• Task details:
Beginning at the top of the material, repeat each line exactly, and stop once the line with "Who or what" has been written.

[Entries supplied — start]

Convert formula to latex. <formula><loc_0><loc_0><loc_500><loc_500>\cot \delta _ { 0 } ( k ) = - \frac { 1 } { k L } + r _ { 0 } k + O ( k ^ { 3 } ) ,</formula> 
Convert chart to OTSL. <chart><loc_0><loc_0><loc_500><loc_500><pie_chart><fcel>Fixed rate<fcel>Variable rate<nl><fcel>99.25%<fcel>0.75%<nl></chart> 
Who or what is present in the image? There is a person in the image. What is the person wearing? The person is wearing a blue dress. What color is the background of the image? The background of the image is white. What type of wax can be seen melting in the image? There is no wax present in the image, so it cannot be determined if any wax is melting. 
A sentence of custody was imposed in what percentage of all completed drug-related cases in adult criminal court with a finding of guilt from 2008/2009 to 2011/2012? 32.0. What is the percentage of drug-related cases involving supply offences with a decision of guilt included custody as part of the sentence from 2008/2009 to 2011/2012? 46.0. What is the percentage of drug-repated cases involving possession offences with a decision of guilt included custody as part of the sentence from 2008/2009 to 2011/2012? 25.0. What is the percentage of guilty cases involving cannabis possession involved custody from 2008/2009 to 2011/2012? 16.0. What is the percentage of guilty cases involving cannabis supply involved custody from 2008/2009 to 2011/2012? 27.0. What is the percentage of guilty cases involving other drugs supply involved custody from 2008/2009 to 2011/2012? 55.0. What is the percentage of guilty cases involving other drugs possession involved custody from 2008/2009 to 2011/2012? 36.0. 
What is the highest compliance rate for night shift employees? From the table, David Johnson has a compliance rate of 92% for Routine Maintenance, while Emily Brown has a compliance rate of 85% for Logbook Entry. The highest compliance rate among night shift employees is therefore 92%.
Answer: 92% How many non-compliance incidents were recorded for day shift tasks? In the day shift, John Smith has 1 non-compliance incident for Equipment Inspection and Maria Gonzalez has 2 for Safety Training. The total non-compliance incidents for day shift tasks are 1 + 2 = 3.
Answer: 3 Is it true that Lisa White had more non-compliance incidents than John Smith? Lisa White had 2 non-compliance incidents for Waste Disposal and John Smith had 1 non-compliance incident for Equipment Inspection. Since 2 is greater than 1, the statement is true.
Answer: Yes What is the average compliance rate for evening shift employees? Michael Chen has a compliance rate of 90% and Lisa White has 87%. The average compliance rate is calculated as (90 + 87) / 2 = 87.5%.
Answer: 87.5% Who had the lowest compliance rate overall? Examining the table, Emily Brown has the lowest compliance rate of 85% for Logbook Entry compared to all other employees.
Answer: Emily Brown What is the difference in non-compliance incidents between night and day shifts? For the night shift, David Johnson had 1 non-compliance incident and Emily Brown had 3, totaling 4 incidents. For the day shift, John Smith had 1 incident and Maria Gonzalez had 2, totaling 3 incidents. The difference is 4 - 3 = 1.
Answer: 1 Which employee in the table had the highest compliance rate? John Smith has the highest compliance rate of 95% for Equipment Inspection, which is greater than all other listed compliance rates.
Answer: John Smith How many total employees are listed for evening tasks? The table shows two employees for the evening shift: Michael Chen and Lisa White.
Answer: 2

[Entries supplied — finish]

• Written response:
Convert formula to latex. <formula><loc_0><loc_0><loc_500><loc_500>\cot \delta _ { 0 } ( k ) = - \frac { 1 } { k L } + r _ { 0 } k + O ( k ^ { 3 } ) ,</formula> 
Convert chart to OTSL. <chart><loc_0><loc_0><loc_500><loc_500><pie_chart><fcel>Fixed rate<fcel>Variable rate<nl><fcel>99.25%<fcel>0.75%<nl></chart> 
Who or what is present in the image? There is a person in the image. What is the person wearing? The person is wearing a blue dress. What color is the background of the image? The background of the image is white. What type of wax can be seen melting in the image? There is no wax present in the image, so it cannot be determined if any wax is melting. 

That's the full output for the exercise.